The idea to rescue Canal Banks and 10 other unstable areas nationwide relies on an idea – homeownership – that now might seem almost quaint, if not misguided. The Homeownership Zone (HOZ) demonstration program, launched in 1996 by the US Department of Housing and Urban Development, has tried to turn entire neighborhoods around by flooding small, poverty-stricken areas with hundreds of new homes to be purchased by working-class, mostly first-time home buyers.

And it's an effort that seems to be working. Only a small handful of homes have gone into foreclosure – the result, administrators say, of extensive, mandatory pre-and postmortgage counseling that steered homeowners away from adjustable-rate loans.

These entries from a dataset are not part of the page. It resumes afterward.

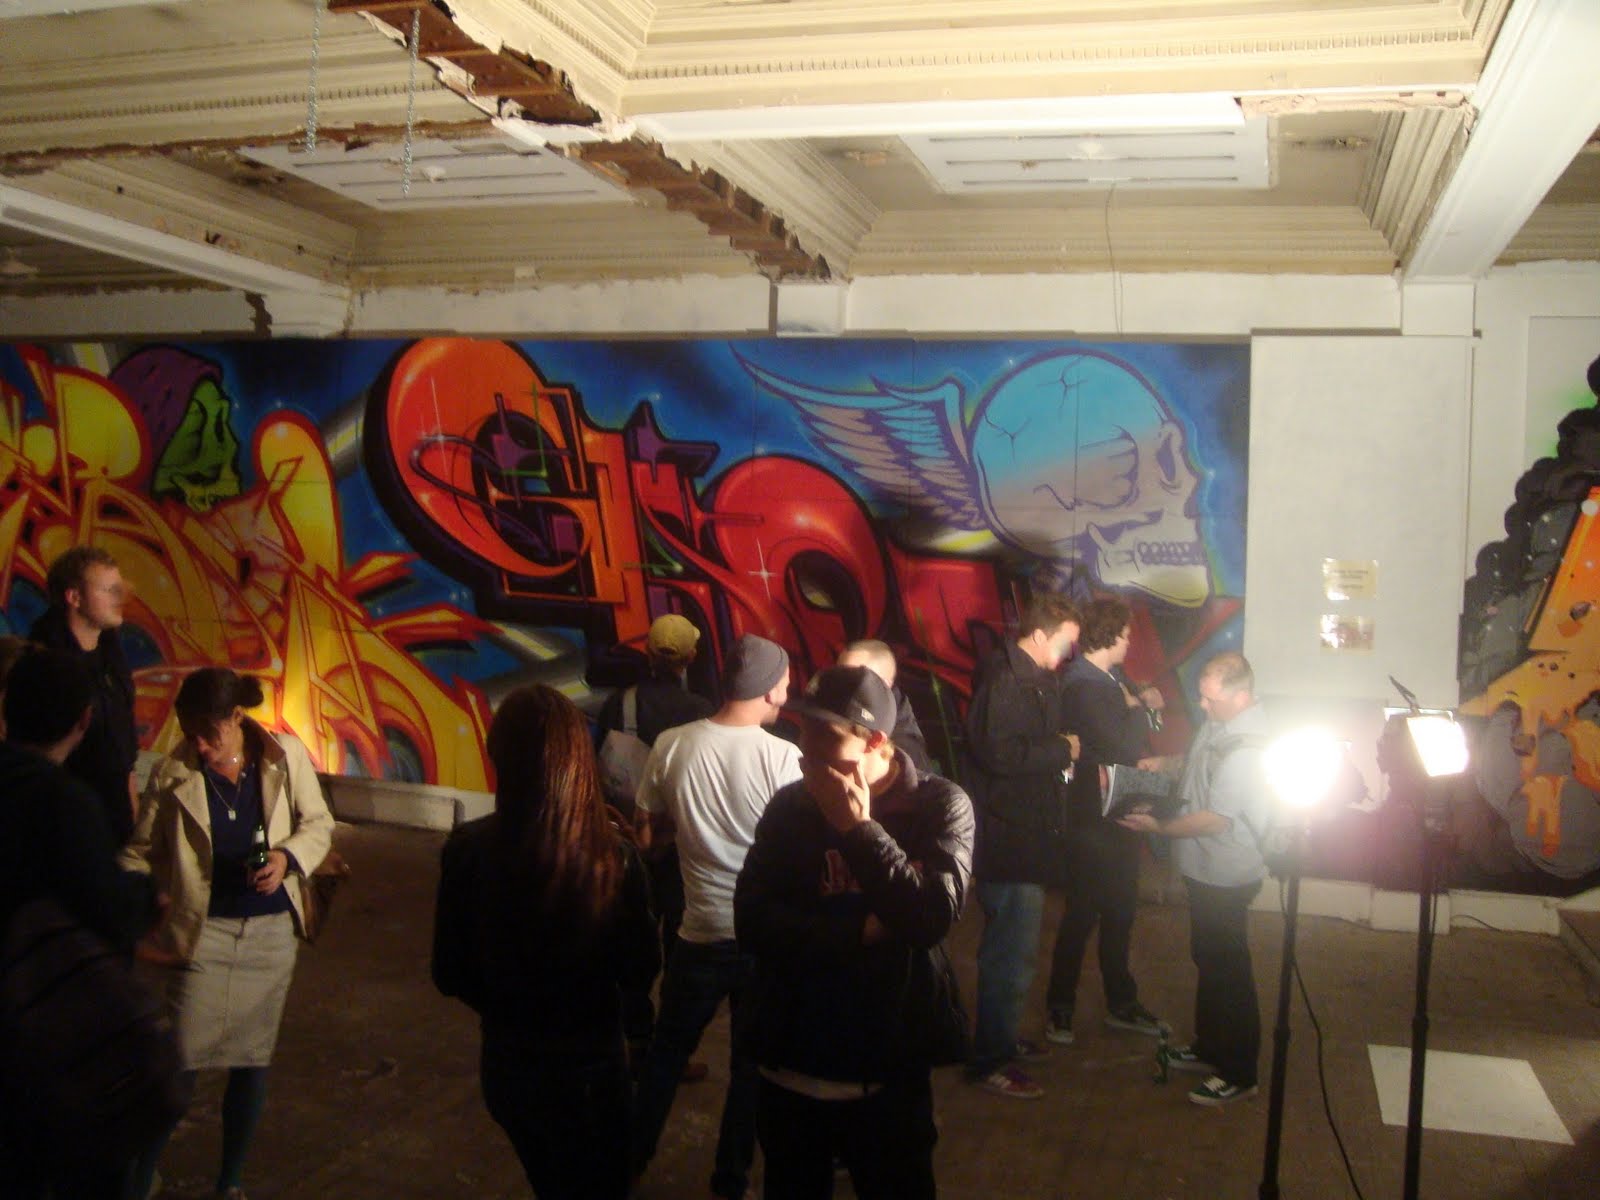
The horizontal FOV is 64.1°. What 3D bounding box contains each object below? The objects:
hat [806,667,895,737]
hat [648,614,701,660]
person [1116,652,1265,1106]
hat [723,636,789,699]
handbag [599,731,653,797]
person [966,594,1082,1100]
[{"bbox_3d":[0.191,0.336,4.363,0.280,0.170,0.203,18,6,8],"label":"hat"},{"bbox_3d":[-0.595,0.150,6.254,0.171,0.136,0.258,5,27,6],"label":"hat"},{"bbox_3d":[2.079,1.380,6.468,0.547,2.169,0.582,4,0,-41],"label":"person"},{"bbox_3d":[-0.178,0.276,5.405,0.200,0.199,0.281,8,33,23],"label":"hat"},{"bbox_3d":[-0.807,0.769,5.874,0.206,0.275,0.145,6,-32,-6],"label":"handbag"},{"bbox_3d":[1.113,1.218,6.528,0.488,2.459,0.579,4,0,22],"label":"person"}]
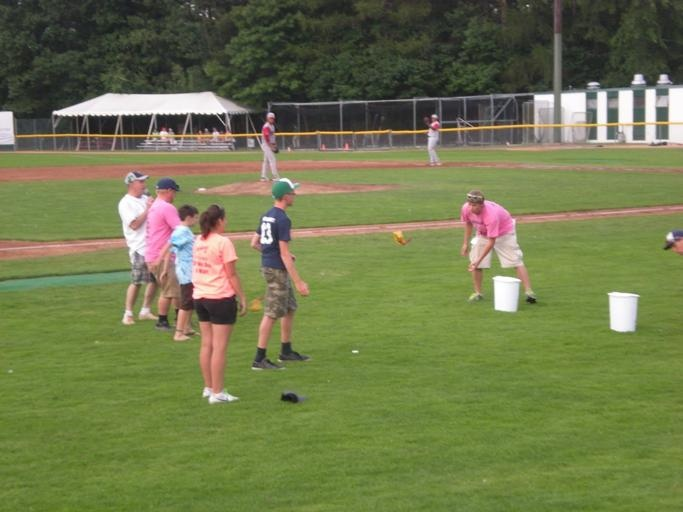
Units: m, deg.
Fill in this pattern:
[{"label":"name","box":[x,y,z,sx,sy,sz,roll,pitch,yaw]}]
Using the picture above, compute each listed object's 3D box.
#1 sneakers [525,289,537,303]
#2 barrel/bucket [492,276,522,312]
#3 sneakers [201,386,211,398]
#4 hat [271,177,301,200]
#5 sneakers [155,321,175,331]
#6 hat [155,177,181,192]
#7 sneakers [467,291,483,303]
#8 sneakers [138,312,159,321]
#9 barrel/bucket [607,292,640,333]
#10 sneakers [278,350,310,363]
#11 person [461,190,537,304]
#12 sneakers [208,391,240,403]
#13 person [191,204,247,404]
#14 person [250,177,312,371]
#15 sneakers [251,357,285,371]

"The intent was really to remake these neighborhoods, to give them some sort of identity," says John Kromer, a senior consultant at the Fels Institute of Government at the University of Pennsylvania and Philadelphia's former director of housing. "It was very ambitious.... It really was a radical departure from what had been done before."

Before the HOZ experiment was launched, the federal government had mostly retreated from building affordable housing. High-rise housing projects had largely been written off as dangerous failures that concentrated poverty. The HOZ project flipped this first strategy on its head, requiring a comprehensive neighborhood plan, a mix of people from different income categories, a mandate to work with the community and local NGOs, and permanent single-family homes.

"I think it's one of the more intelligent things HUD has done in its history," says Alan Mallach, a senior fellow at the Brookings Institution and Trenton's director of Housing and Economic Development at the time of the HOZ launch. "Homeownership is not a panacea, it's not for everyone, and doing it wrong can create more harm than good. But the fact is, it can be a valuable tool to stabilize and strengthen neighborhoods."

Different cities pursued radically different strategies in pursuit of the HOZ goals, with some demolishing troubled neighborhoods entirely. Others, like Trenton, adopted an "in-fill" strategy, buying up vacant properties and lots, and constructing in the gaps between other buildings.

All projects had to reserve at least half of newly constructed homes as affordable housing. But sales of market-rate homes – a sign of the strength and desirability of a neighborhood to higher-income individuals – has varied greatly.

In Canal Banks, incomes were $10,000 less than in the city as a whole. Manufacturing jobs were disappearing. The area had lost almost a quarter of its population from 1990 to 2000.